Confidentiality or Privacy Integrity Availability Authentication Authorization Accounting

According to Baiamonte et al. (2008), MWN have two types of nodes: mesh routers and mesh clients. Both types of nodes operate not only as hosts but also as routers, forwarding packets on behalf of other nodes that may not be within direct wireless transmission range of their destinations. Also, a mesh router may have gateway/bridge functionalities. The following are the benefits and characteristics of WMN (Gungor et al., 2008; Akyildiz et al. 2005):

Increased Reliability Low Installation Costs Large Coverage Area

Automatic Network Connectivity

6.2.2.5.2 WMN Core Components

WMN have four core components; Mesh access points, Prime infrastructure, Wireless LAN controller and Mesh software architecture (Cisco, 2012):

Mesh access points

The proposed Cisco Aironet 1550 Series Outdoor Mesh Access Point is a modularized wireless outdoor 802.11n access point design that supports point-to-multipoint mesh wireless connectivity, wireless client access simultaneously and also operate as a relay node for other access points that are not directly connected to a wired network. Through intelligent wireless routing provided by the Adaptive Wireless Path Protocol (AWPP), the access point can identify its neighbours and intelligently choose the optimal path to the wired network by calculating the cost of each path in terms of signal strength and the number of hops required to get to a controller.

Prime infrastructure

The Prime Infrastructure is used to design, control, and monitor WMN from a central location. However, the Prime Infrastructure provides a graphical platform for wireless mesh planning, configuration, and management. The Prime Infrastructure therefore runs on a server platform with an embedded database, which provides scalability that allows hundreds of controllers and thousands of Cisco mesh access points to be managed.

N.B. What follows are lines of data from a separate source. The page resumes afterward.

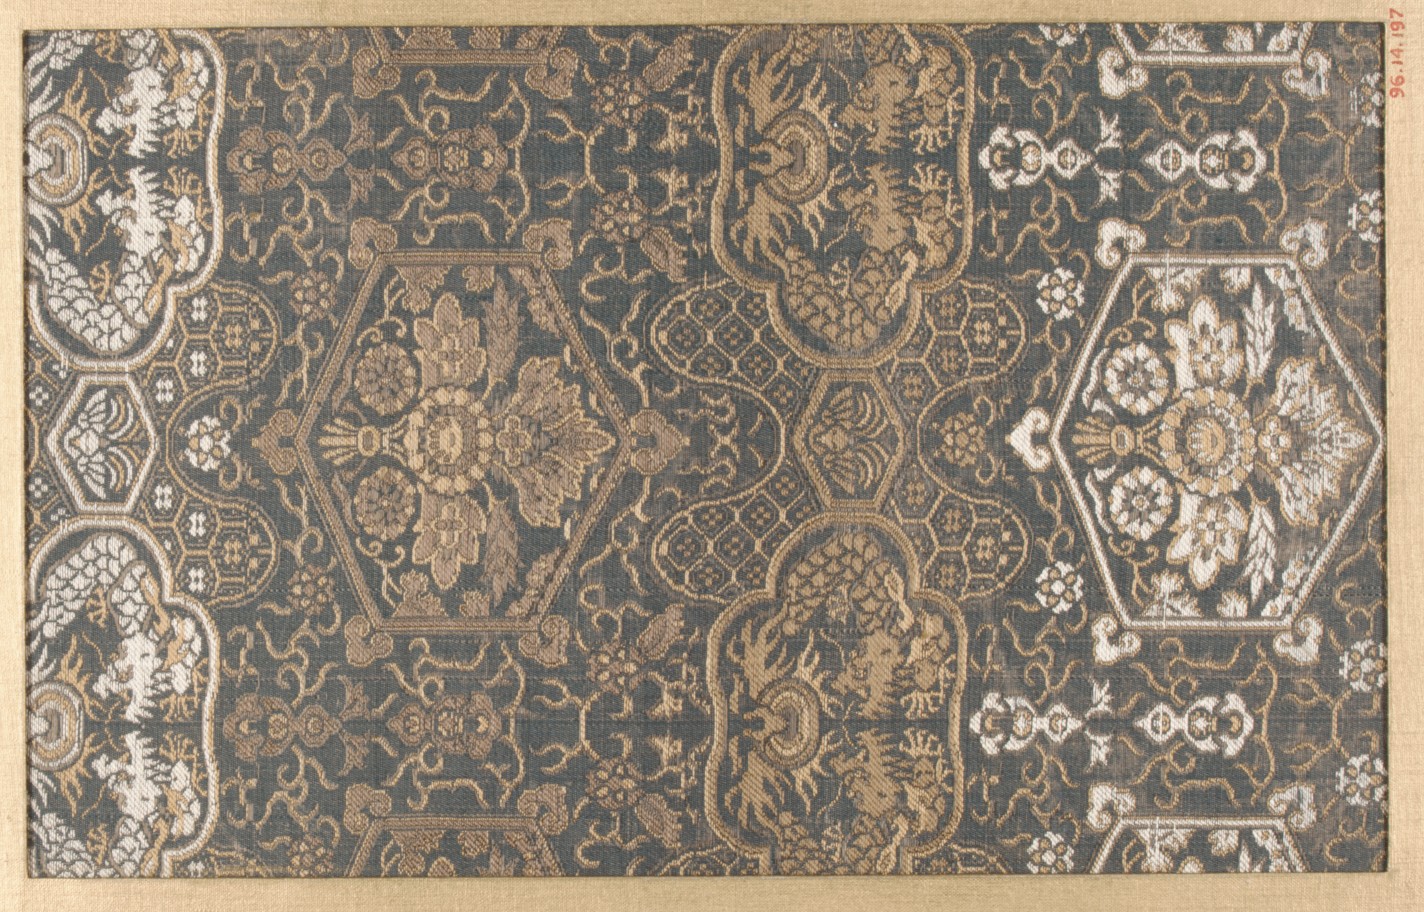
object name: piece
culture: japanese
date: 1701-1900
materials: silk
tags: flowers

Wireless LAN controller (referred to as controller)

The wireless mesh solution is supported on Cisco 2500, 5500, and 8500 Series Wireless LAN Controllers. According to Cisco (2011), the controller works in conjunction with Cisco lightweight access points and the Cisco Wireless Control System (WCS) to provide system- wide wireless LAN functions. It also provides real-time communication between wireless access points and other devices to deliver centralized security policies, guest access, Wireless Intrusion Prevention System (WIPS), context-aware (location), RF management, quality of services for mobility services such as voice and video, and office extended access

point (OEAP) support for the teleworker solution. Figure 6.5 showsa 2504 controller network

topology and network connections with the required medium dependent interface (MDI) Ethernet cables.

Mesh Software Architecture

The mesh network architecture such as Cisco Wireless Control System (WCS) is the industry's most comprehensive management platform for lifecycle management of 802.11n and 802.11a/b/g, enterprise-class wireless networks. It delivers cost-effective management solution that enables successful planning, deployment, monitoring, troubleshooting and reporting of indoor and outdoor wireless networks. Though, it runs on a server platform with an embedded database but it provides the scalability necessary to manage hundreds of wireless LAN controllers which in turn can manage thousands of Cisco Aironet lightweight access points. As shown in Figure 6.5 above, Cisco wireless LAN controllers can be located on the same LAN as Cisco WCS, on separate routed subnets, or across a wide-area connection (Cisco, 2007; Cisco, 2012).